Evolutionary biology is grand, but so is the rest of biology too. Turning everything into a debate about origins often distracts from the intrinsic beauty of biology.


That’s a valid point.

Also, focusing our research interest mainly in understanding exactly how the biological systems function may lead us to breakthrough treatments for currently incurable diseases and/or the development of preventive dietary or lifestyle recommendations accurately adjusted to individual differences and/or specific issues.

Also we can come up with interesting engineering ideas after observing and understanding the functioning of certain biological systems in order to produce equipments, devices, gadgets, tools.

The biological systems aren’t well documented yet. Documenting their functioning thoroughly should be pursued by research scientists. Fortunately it seems like most of them realize this already. At least that’s the impression one gets from reading their papers.


Please see my reply to Professor Swamidass on this.
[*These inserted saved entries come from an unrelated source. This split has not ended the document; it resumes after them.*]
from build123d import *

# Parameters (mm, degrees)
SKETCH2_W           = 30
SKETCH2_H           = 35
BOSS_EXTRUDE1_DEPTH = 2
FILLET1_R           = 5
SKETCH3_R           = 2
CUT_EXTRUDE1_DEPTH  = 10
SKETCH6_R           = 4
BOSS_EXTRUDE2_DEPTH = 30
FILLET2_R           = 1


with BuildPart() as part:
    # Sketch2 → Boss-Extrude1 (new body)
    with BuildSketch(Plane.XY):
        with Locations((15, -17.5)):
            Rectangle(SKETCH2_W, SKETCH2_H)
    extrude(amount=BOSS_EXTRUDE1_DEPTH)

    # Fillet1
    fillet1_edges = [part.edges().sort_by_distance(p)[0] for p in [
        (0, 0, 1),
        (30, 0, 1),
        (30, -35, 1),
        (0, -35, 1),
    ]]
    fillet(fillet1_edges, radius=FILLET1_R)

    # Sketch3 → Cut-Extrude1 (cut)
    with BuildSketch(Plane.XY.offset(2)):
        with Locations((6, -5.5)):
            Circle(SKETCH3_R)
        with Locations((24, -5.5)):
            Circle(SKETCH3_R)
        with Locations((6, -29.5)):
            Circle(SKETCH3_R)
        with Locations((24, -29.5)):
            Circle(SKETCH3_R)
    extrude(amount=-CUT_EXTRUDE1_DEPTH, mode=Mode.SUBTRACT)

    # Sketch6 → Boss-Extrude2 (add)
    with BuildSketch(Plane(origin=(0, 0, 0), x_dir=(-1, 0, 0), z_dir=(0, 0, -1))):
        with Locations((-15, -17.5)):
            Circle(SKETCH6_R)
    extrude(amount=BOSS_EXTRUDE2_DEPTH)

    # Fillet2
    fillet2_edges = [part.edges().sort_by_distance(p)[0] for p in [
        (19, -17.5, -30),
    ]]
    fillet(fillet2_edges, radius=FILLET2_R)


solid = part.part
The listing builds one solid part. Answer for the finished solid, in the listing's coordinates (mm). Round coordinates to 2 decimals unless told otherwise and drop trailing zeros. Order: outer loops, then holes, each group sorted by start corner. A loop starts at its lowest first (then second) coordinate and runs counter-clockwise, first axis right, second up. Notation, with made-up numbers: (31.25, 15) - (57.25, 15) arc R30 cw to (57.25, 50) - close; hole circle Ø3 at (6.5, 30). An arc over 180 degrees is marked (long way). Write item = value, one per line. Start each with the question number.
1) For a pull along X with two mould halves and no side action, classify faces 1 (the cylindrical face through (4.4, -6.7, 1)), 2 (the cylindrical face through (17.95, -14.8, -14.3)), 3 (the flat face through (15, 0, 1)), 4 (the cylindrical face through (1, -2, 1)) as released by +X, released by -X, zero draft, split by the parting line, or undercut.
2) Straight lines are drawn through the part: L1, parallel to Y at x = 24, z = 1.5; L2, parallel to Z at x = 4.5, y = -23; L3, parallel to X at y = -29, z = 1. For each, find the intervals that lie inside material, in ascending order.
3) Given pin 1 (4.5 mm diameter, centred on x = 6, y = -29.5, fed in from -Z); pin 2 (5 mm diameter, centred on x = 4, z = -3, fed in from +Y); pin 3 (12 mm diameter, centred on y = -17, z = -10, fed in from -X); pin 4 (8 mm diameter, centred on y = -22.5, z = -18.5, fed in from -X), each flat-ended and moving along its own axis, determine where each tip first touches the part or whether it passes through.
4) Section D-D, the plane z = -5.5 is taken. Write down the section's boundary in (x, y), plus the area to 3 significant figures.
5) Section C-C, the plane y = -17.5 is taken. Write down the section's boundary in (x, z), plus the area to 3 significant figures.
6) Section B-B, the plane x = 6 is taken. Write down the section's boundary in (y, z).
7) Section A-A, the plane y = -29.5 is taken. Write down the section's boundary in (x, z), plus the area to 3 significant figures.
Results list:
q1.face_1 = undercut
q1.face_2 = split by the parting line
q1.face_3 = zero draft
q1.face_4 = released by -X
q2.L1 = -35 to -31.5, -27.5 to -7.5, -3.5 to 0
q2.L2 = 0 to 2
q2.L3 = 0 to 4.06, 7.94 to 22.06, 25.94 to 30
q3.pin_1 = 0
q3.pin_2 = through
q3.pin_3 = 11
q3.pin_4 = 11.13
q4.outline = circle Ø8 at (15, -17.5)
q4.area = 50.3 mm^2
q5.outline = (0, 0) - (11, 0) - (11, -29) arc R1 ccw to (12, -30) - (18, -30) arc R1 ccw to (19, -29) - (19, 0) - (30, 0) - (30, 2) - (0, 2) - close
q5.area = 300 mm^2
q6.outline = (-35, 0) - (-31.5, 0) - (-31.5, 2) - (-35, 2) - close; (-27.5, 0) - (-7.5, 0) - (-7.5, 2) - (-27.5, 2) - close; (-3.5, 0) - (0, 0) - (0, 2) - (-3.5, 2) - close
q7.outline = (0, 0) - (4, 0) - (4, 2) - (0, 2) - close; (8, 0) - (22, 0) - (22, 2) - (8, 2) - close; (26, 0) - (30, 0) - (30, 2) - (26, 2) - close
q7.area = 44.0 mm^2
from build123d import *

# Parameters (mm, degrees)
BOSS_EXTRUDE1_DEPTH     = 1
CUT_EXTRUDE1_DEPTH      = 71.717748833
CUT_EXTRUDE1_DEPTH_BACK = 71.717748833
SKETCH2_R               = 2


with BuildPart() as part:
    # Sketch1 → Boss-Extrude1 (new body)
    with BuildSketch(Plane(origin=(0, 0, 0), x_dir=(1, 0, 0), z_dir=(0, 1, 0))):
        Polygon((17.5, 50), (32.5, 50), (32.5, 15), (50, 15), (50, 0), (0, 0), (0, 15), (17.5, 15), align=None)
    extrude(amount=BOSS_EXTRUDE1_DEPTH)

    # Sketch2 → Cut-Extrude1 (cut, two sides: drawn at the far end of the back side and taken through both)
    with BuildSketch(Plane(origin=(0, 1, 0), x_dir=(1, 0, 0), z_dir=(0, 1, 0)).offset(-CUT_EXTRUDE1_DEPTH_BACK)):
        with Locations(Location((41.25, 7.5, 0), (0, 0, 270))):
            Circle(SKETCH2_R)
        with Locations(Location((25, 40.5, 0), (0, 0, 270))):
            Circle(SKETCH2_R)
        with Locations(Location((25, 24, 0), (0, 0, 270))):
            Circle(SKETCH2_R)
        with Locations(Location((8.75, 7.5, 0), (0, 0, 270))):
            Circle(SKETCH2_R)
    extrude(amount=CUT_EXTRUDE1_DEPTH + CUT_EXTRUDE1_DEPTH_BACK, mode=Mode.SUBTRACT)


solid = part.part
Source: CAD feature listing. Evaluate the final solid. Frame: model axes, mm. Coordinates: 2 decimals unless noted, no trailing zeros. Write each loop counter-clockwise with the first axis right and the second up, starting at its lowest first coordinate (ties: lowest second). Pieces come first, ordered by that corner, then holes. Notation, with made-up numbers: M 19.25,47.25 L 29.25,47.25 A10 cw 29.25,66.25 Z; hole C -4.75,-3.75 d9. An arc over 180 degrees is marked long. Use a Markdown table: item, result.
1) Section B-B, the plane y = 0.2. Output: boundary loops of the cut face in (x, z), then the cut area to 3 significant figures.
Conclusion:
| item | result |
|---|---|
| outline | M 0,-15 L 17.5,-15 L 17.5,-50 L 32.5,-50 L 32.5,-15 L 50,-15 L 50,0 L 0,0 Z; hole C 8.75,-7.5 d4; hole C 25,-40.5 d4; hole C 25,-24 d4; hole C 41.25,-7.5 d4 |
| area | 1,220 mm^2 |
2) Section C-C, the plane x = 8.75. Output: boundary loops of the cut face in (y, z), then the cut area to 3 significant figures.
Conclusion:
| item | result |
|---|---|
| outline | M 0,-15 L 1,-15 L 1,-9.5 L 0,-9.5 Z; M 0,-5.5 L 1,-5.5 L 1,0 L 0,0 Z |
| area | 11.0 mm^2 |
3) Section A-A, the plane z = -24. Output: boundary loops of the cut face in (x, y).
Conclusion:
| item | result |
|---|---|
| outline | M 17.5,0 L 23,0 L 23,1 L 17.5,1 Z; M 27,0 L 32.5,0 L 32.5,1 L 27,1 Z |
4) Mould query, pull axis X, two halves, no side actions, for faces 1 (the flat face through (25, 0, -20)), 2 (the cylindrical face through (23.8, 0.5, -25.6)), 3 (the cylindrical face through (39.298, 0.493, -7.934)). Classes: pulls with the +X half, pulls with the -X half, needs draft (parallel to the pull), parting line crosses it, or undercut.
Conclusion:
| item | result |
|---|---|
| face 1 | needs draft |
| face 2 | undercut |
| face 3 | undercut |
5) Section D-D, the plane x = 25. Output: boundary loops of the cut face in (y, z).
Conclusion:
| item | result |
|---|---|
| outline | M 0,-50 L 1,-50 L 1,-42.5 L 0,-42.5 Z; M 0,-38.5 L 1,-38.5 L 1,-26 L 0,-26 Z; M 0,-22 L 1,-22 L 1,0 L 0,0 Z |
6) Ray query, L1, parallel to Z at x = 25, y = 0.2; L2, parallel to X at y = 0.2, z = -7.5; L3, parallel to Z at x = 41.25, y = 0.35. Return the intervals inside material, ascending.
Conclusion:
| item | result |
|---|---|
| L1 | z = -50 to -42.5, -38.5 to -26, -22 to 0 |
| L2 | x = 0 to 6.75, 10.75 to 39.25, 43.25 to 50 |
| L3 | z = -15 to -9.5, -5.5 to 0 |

Thanks

(John Harshman) #21

Who has proposed turning everything into a debate about origins? I was responding to pawas, who was surprised that anyone was interested in evolutionary biology at all. Obviously, we can be interested in all aspects of biology, of which evolution is an important part.

Note that comparative (i.e. phylogenetic) study is invaluable in understanding how systems function. A lot of that work you think is the only good part of biology rests upon an evolutionary base. But there’s a lot more to biology than its medical or practical applications, so I reject your premise entirely. Knowledge is valuable for its own sake, even if it doesn’t help us cure cancer.